**Your instructions:** Once you reach the line that holds "Answer: History What" in the listing below, output it and every line after it through the line that holds "Answer: Children What's", word for word.

**Dataset excerpts:**
Segment Open

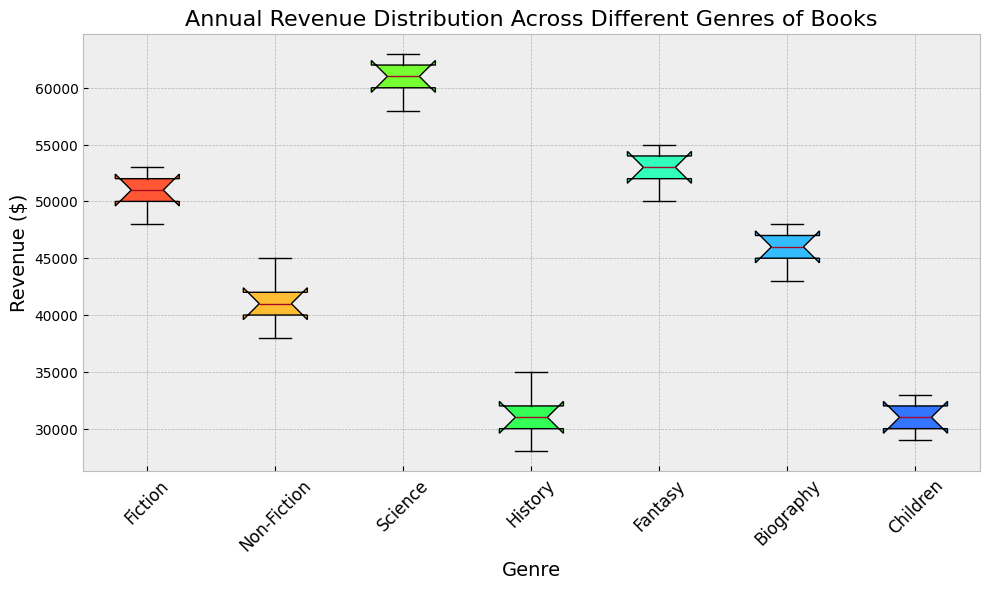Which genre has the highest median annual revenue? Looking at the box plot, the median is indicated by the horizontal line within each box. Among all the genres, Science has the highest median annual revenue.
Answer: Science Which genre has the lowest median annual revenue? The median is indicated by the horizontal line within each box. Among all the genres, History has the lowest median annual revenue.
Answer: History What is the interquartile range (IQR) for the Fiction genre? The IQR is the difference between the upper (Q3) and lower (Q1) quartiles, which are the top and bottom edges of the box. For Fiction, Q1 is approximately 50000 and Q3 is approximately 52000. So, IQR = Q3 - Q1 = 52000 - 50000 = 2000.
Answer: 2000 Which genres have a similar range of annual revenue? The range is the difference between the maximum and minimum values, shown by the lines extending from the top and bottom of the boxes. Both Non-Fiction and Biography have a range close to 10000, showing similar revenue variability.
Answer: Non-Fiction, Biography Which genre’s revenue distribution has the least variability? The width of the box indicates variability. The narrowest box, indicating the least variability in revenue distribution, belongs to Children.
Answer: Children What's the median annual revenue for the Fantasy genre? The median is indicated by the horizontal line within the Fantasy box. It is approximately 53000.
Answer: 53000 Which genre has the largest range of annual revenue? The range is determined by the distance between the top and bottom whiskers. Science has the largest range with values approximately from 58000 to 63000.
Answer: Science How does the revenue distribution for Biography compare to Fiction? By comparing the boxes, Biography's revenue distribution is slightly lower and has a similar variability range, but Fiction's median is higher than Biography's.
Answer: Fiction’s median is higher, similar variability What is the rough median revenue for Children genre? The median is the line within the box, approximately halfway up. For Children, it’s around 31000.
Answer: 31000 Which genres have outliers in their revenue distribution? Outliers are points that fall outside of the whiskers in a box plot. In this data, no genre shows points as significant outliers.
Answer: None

Segment Closed
Segment Open

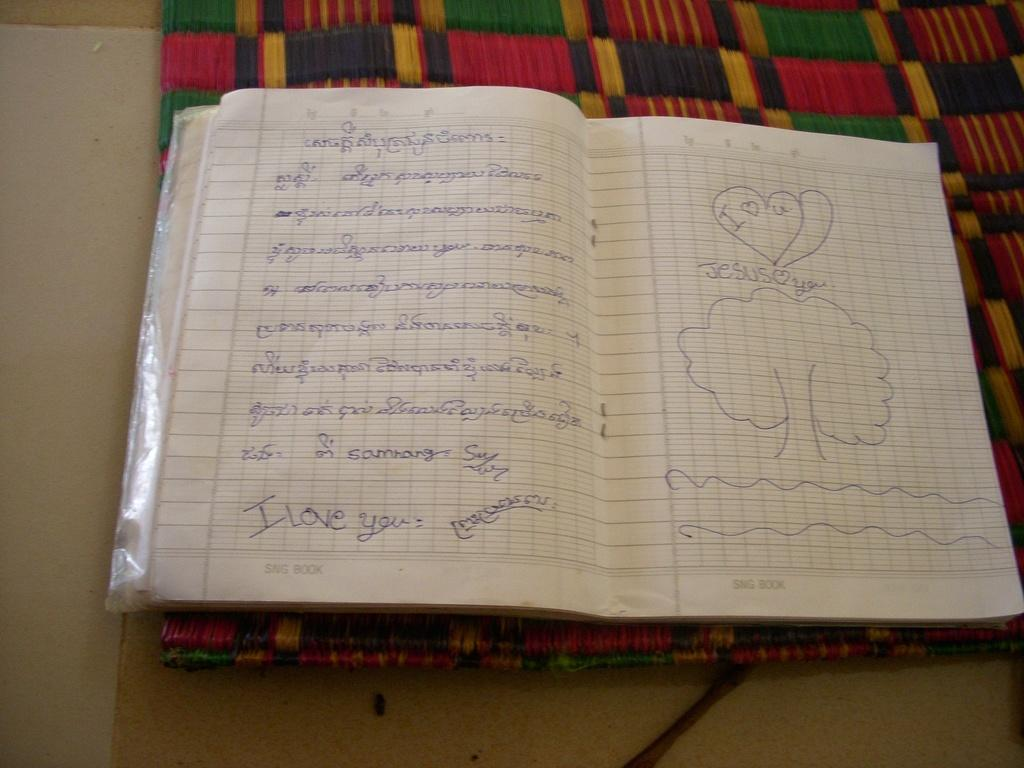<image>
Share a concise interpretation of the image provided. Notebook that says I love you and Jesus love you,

Segment Closed
Segment Open

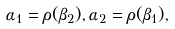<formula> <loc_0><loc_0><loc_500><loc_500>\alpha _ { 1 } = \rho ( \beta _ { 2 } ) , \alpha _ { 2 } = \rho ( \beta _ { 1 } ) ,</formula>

Segment Closed

**Solution:**
Answer: History What is the interquartile range (IQR) for the Fiction genre? The IQR is the difference between the upper (Q3) and lower (Q1) quartiles, which are the top and bottom edges of the box. For Fiction, Q1 is approximately 50000 and Q3 is approximately 52000. So, IQR = Q3 - Q1 = 52000 - 50000 = 2000.
Answer: 2000 Which genres have a similar range of annual revenue? The range is the difference between the maximum and minimum values, shown by the lines extending from the top and bottom of the boxes. Both Non-Fiction and Biography have a range close to 10000, showing similar revenue variability.
Answer: Non-Fiction, Biography Which genre’s revenue distribution has the least variability? The width of the box indicates variability. The narrowest box, indicating the least variability in revenue distribution, belongs to Children.
Answer: Children What's the median annual revenue for the Fantasy genre? The median is indicated by the horizontal line within the Fantasy box. It is approximately 53000.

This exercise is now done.